飯島 裕一(NEC 第二システムソフトウェア事業部)
前回は、COBOLのファイルは大量データ処理向けに最適というお話しをしました。
今回もCOBOLのファイルについてお話しをしたいと思います。
つねづね思っているのですが、「COBOLのファイル」機能は、オブジェクト指向的な考え方で、言語仕様の中に組み込まれたのではないか、ということです。
どういうことか、もう少し説明をします。
オブジェクト指向は、ひとことで言うと、ソフトウェア対象領域の中から、データと、そのデータに関連する手続きとを抽出し、それらをひとくくりにして「オブジェクト」として捉える考え方です。
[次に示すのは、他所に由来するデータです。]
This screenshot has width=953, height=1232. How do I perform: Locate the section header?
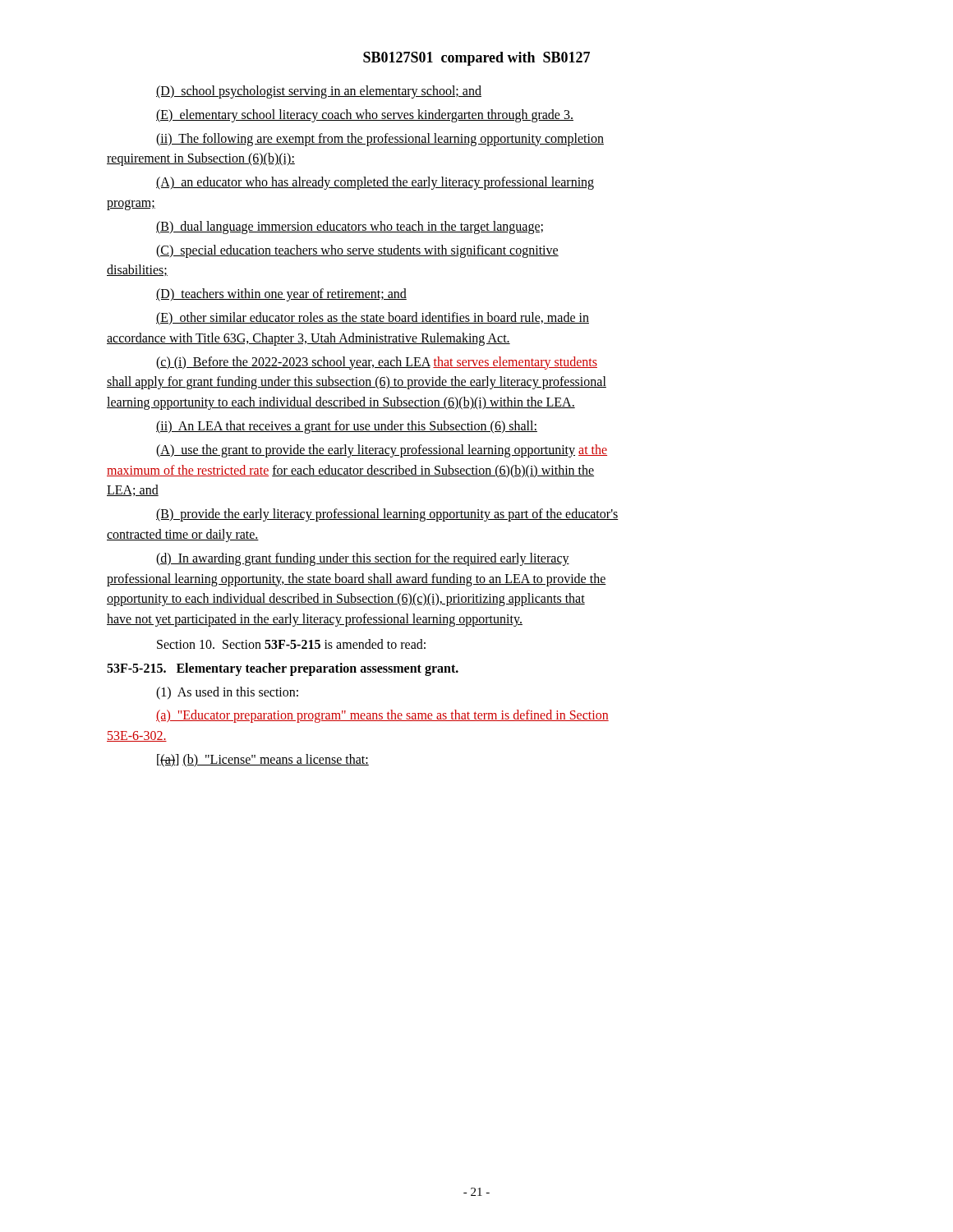[x=283, y=668]

COBOLの言語仕様が作られた40数年前、その当時は、当然ながらオブジェクト指向というパラダイムも知られていなかった時代ですが、事務処理には欠かせないファイルおよび、そのファイルに関する手続き(入出力操作)を「オブジェクト」として捉え、COBOL言語機能として組み込んだのではないかと思うのです。
もう少し詳しく説明します。
オブジェクト指向言語でプログラムを作るとき、既存オブジェクト(クラス)を再利用することが生産性につながる大きなポイントになります。そして再利用するためには、オブジェクト(クラス)の動作仕様が、きちんと明確化されていなければなりません。
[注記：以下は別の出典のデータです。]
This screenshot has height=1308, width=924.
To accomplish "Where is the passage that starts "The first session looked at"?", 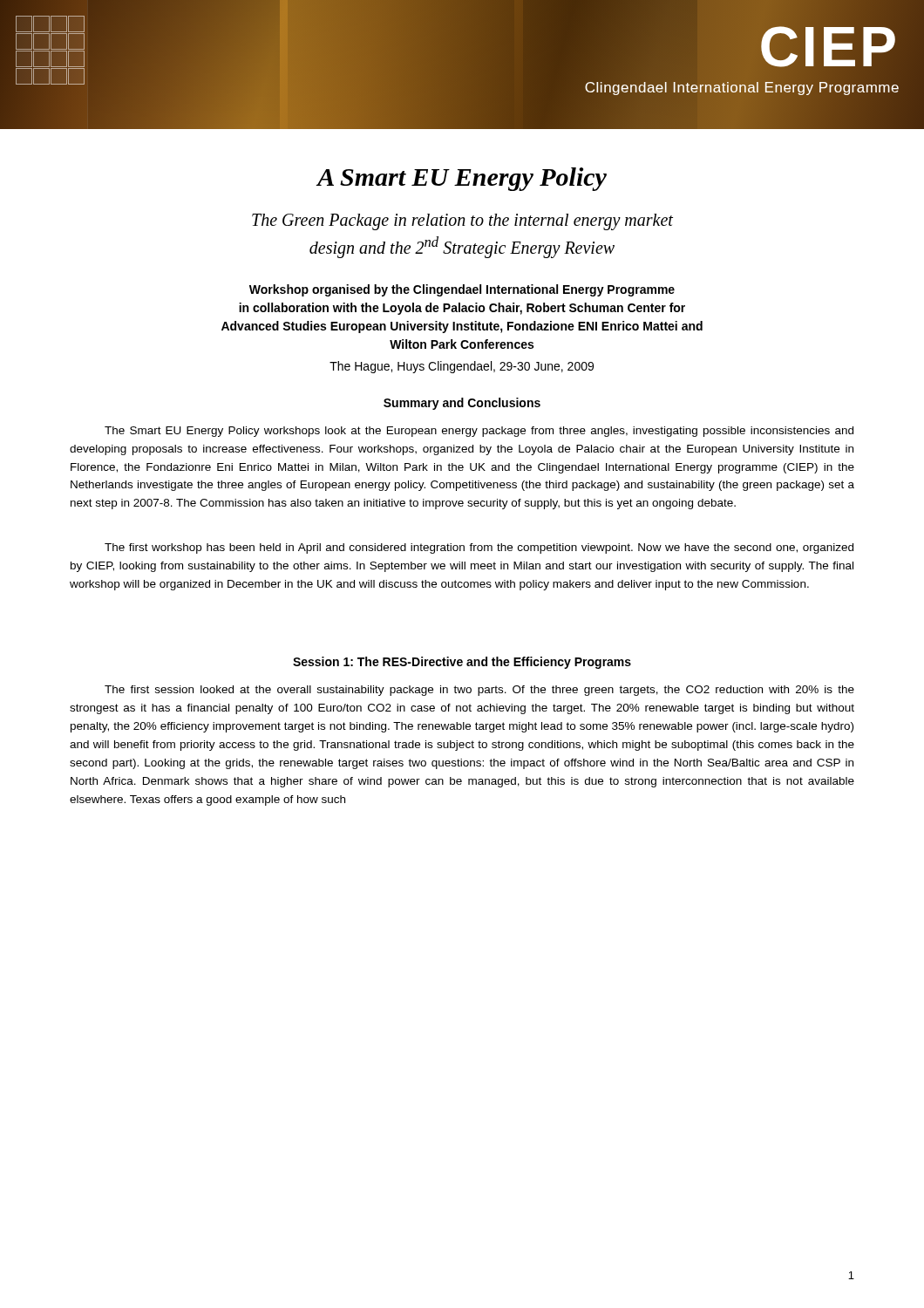I will point(462,744).

一方、「COBOLのファイル」は、COBOLの中で言語仕様としてきちんと明確化されており、ファイルの概念・動作仕様は、言語説明書に厳密に記載されています。そして、これは丁度、COBOL言語機能の中に組み込まれた「COBOLのファイル」というオブジェクト(クラス)の動作仕様を説明している、と捉えることができると思うのです。
そう捉えて「COBOLのファイル」の言語機能をもう少し詳しく見てみたいと思います。
COBOLでは、そのプログラムで使用するファイルを環境部で定義します。その定義により、プログラムの中で使用する具体的なファイル名と、ファイル編成、呼び出しモードが決まります。
SELECT 顧客マスタファイル ASSIGN TO 〜 ORGANIZATION IS INDEXED ACCESS MODE IS DYNAMIC.
上記は呼び出しモードが動的(DYNAMIC)である索引編成(INDEXED)の 顧客マスタファイルを定義しています。
このCOBOLのファイル定義ですが、COBOL言語システムにあらかじめ規定されている「COBOLのファイル」というクラスから、プログラムの中で使う具体的なインスタンス「顧客マスタファイル」を定義している、と見ることができないでしょうか。
例えばJavaでの次のようなオブジェクトの生成操作に該当します。
CCBLFile kokyaku = new CCBLFile (INDEXED, MODE_DYNAMIC)
ここで、CCBLFile は、「COBOLのファイル」に相当するクラス、INDEXEDは索引編成ファイルを指定するパラメータ、MODE_DYNAMICは動的呼び出しを指定するパラメータという想定です。
kokyaku には、索引編成ファイルの具体的なオブジェクト(インスタンス)が設定されます。
また、COBOLでは、環境部で定義されたファイルは、手続きの中で、OPEN、CLOSE、READ、WRITE、REWRITE、DELETEなどの入出力文で参照ができます。
OPEN I-O 顧客マスタファイル ・・・ ファイルのオープン READ 顧客マスタファイル ・・・ レコードの読込み REWRITE 顧客マスタレコード ・・・ レコードの更新
これらの入出力文は、オブジェクト指向的な見方をすると「COBOLのファイル」にあらかじめ定義されている手続き(メソッド群)と見ることができないでしょうか。
Javaでは次のように記述することができます。
kokyaku.open(); ・・・ ファイルのオープン kokyaku_rec = kokyaku.read(); ・・・ レコードの読込み (kokyaku_recはレコード領域) kokyaku.rewrite(kokyaku_rec); ・・・ レコードの更新 :
ここで、open(),read(),rewrite() は、CCBLFileクラスに定義されているメソッドという想定です。
いかがでしょうか。
COBOL言語は、実存するファイルをオブジェクトとして捉えて言語仕様をサポートしたからこそ、ファイルの取り扱いが簡単・直感的なのだと思うのです。